Data assessing function, pooled indices and mobility outcomes were also extracted. The World Health Organization defined six domains for the assessment of health [16]. These include pain, self care, usual activities, cognition, mobility and affect. Domains considered relevant to function were usual activities and self care. Outcomes that encompassed multiple domains were classified as pooled indices. Mobility was assessed through the extraction of data on walking ability and dynamic balance. If trials specified data collected under a range of walking speeds, data for the fast pace was extracted. To assess patient perception of the program any outcome that assessed patient enjoyment, satisfaction or any other type of feedback of the exercise programs was extracted.
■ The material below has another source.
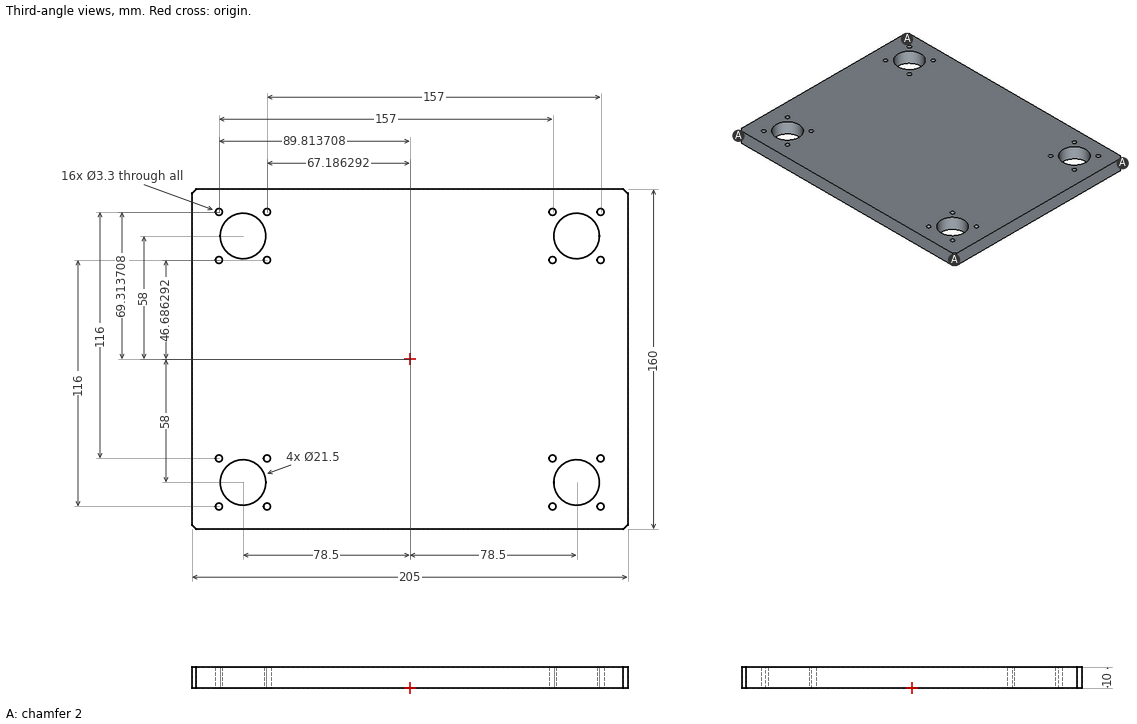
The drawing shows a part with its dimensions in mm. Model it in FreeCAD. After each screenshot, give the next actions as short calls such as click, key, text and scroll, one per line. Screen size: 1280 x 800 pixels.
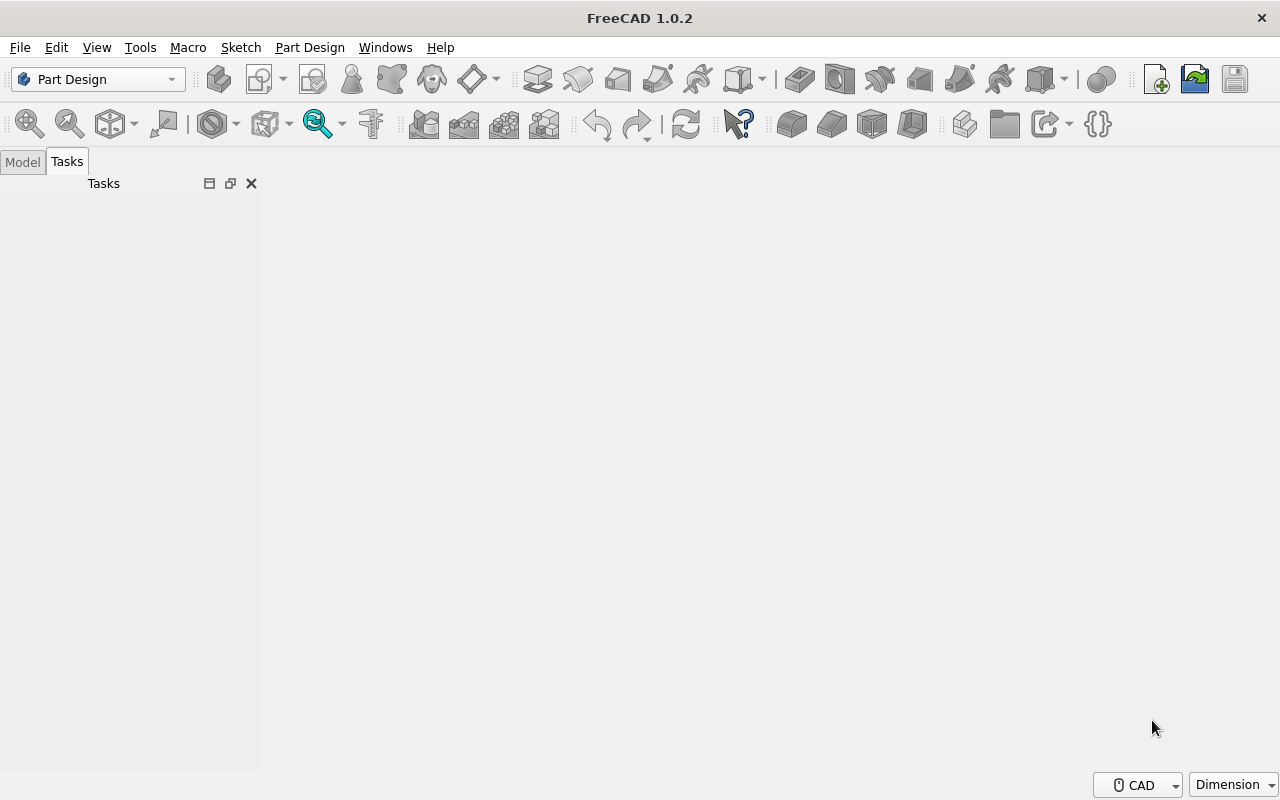
key(ctrl+n)

To compare effectiveness of interventions for each relevant outcome, point measures and measures of variability were extracted. Means and standard deviations of outcomes measured immediately following the intervention were extracted and analysed. When necessary, the standard deviation [sd] was approximated by dividing the inter-quartile range by 1.35. Medians were used as best estimates of means. Standard error [SE] was converted to sd using the formula SE = sd/(√n). These data points were then used to calculate Hedges [17] corrected standardised mean differences [SMD] and 95% confidence intervals [CI] to assess intervention effects. The SMD was the difference between two means normalised using either pooled or control group standard deviations (the former where no significant difference in control and intervention standard deviations was observed). This index is useful for comparing data collected using different scales. A SMD <0.2 was considered a small effect, 0.5 (>0.2, <0.8) a moderate effect and >0.8 a large effect [18]. Data at baseline and immediately following the intervention were extracted. Long term effectiveness of interventions was not assessed as it was beyond the scope of the review. If trials did not use Intention-To-Treat analysis [ITT], per-protocol data were extracted for analysis.
Meta analysis
Pooling of data across multiple studies can provide an improved estimate of the effect of the intervention as a consequence of the larger number of total participants and reduction in random error due to sampling differences.
Meta-analysis was performed using Review Manager (RevMan5) software[19]. Heterogeneity between trials was assessed using the I2 statistic. Heterogeneity was considered substantial if I2 was greater than 50% and a random effects model applied; otherwise a fixed effects model was used for the analysis [20]. SMDs were used where different scales were used to measure comparable outcomes across trials. Scale directions were aligned by adding negative values where required.